TaG-Net: Topology-Aware Graph Network for Vessel Labeling

• Published in: Imaging Systems for GI Endoscopy, and Graphs in Biomedical Image Analysis Vol. 13754; pp. 108 - 117
• Main Authors: Yao, Linlin, Xue, Zhong, Zhan, Yiqiang, Chen, Lizhou, Chen, Yuntian, Song, Bin, Wang, Qian, Shi, Feng, Shen, Dinggang
• Format: Book Chapter
• Language: English
• Published: Switzerland Springer 2022; Springer Nature Switzerland
• Series: Lecture Notes in Computer Science
• Subjects: Anatomical labeling; Head and neck vessels; Topology-aware graph
• ISBN: 9783031210822; 3031210824
• ISSN: 0302-9743; 1611-3349
• DOI: 10.1007/978-3-031-21083-9_11

Anatomical labeling of head and neck vessels is a vital step for cerebrovascular disease diagnosis. However, it remains challenging to automatically and accurately label vessels in computed tomography angiography (CTA), since head and neck vessels are tortuous, branched, and often close to nearby tubular-like vasculatures. To address these challenges, we transform the voxel labeling problem into the centerline labeling task and propose a novel method of topology-aware graph network (TaG-Net) for vessel labeling of 18 segments covering both head and neck, in which the efficiency of centerline’ sparse representation using the point cloud is exploited and vessel’s topological structure can be better represented using the topology-aware graph.
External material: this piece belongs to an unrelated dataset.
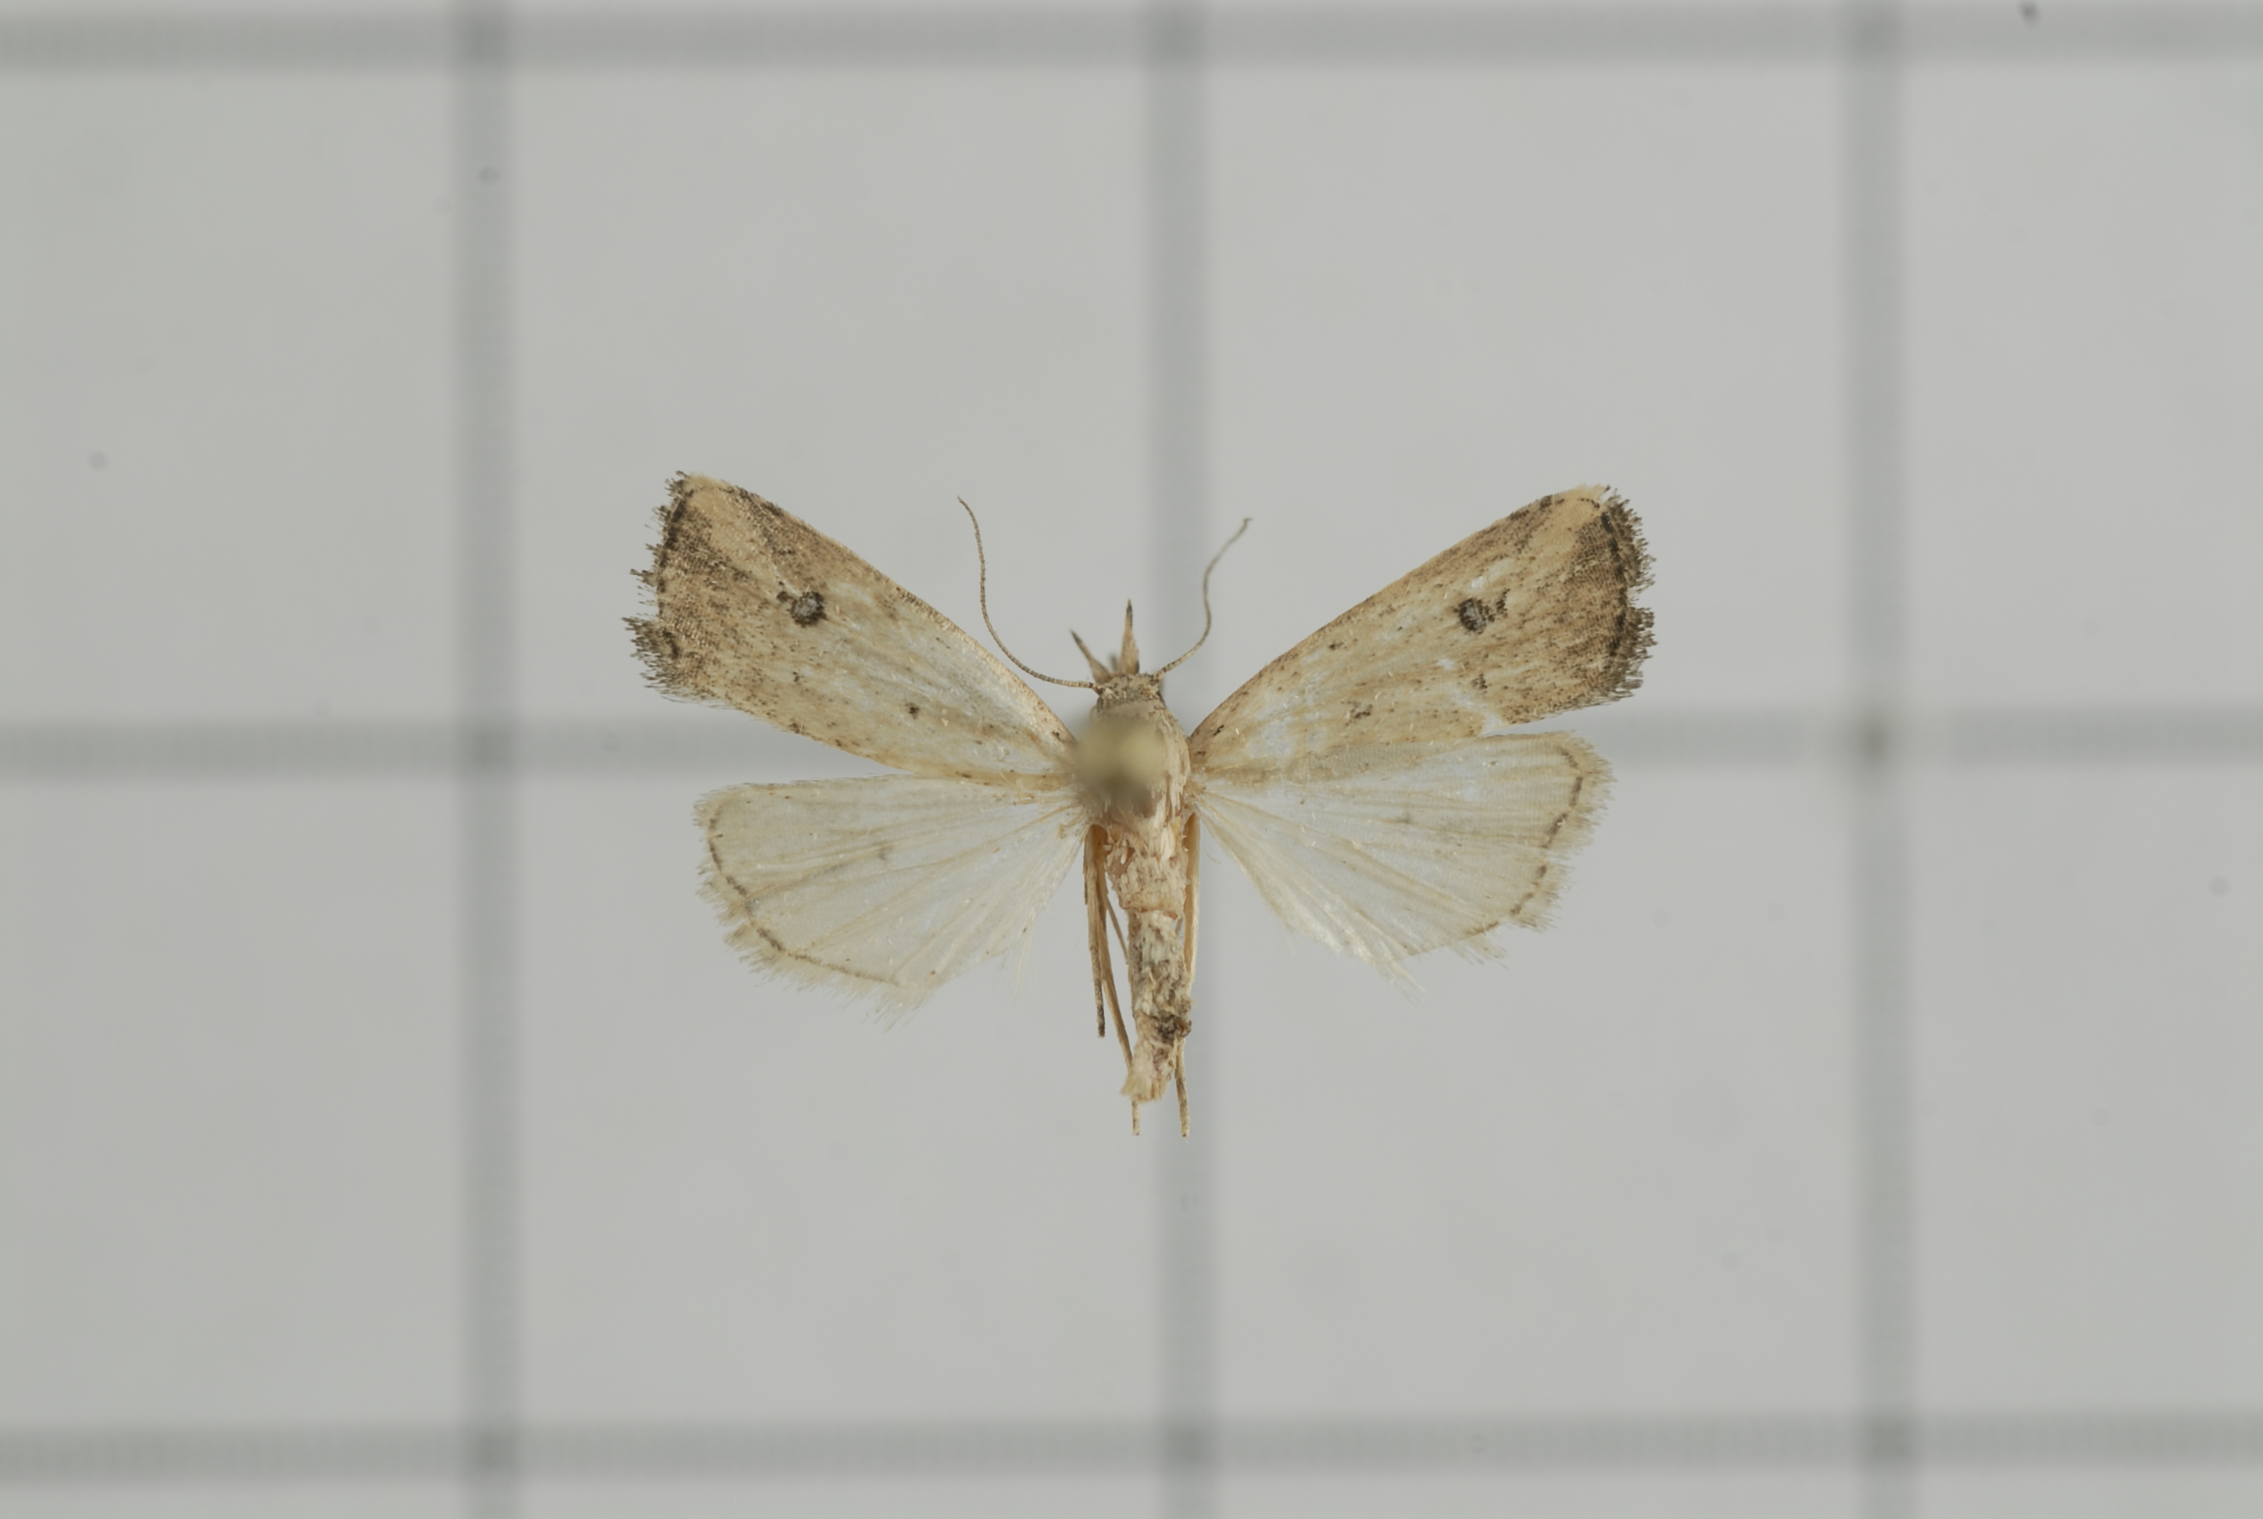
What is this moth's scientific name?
Luceria oculalis
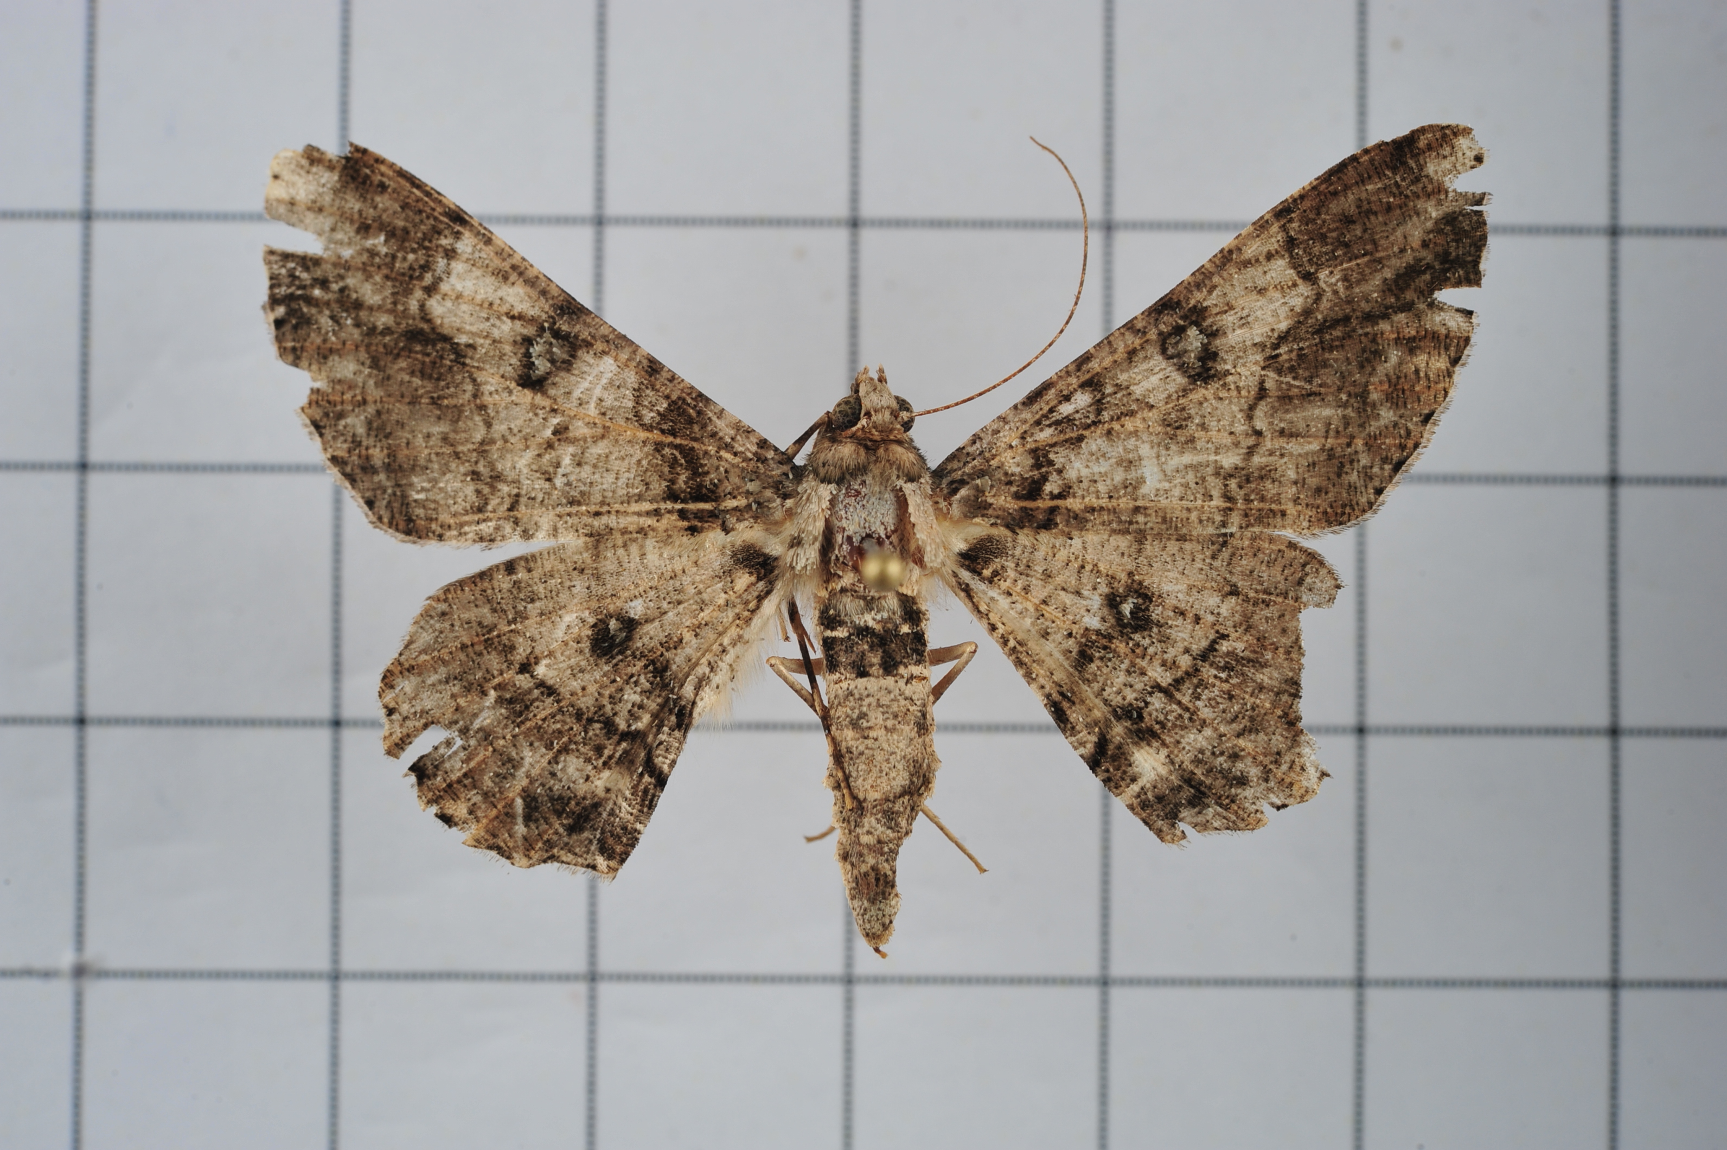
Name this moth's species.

First, a topology-aware graph is constructed from the extracted vessel centerlines. Second, we design topology-preserving sampling and topology-aware feature grouping so that the network’s sampling and grouping layers preserve the vascular structures. Third, the vascular features extracted from the point processing layer and the GCN layer are aggregated for centerline labeling. Finally, the labeling task is accomplished by assigning the closet label from each point of the centerline to the mask voxels. Using head and neck CTA of 401 subjects and a five-fold-cross-validation strategy, experiments show that TaG-Net yields an average recall of 0.977 and an average precision of 0.977, with mean F1 as 0.977 for centerline labeling. After back-propagating labels onto vessel masks, TaG-Net achieves an average Dice coefficient of 0.991 for 18 vessel segments compared to that of 0.980 by the V-Net. The results indicate that the proposed network could facilitate head and neck vessel analysis by providing automatic and accurate vessel labeling.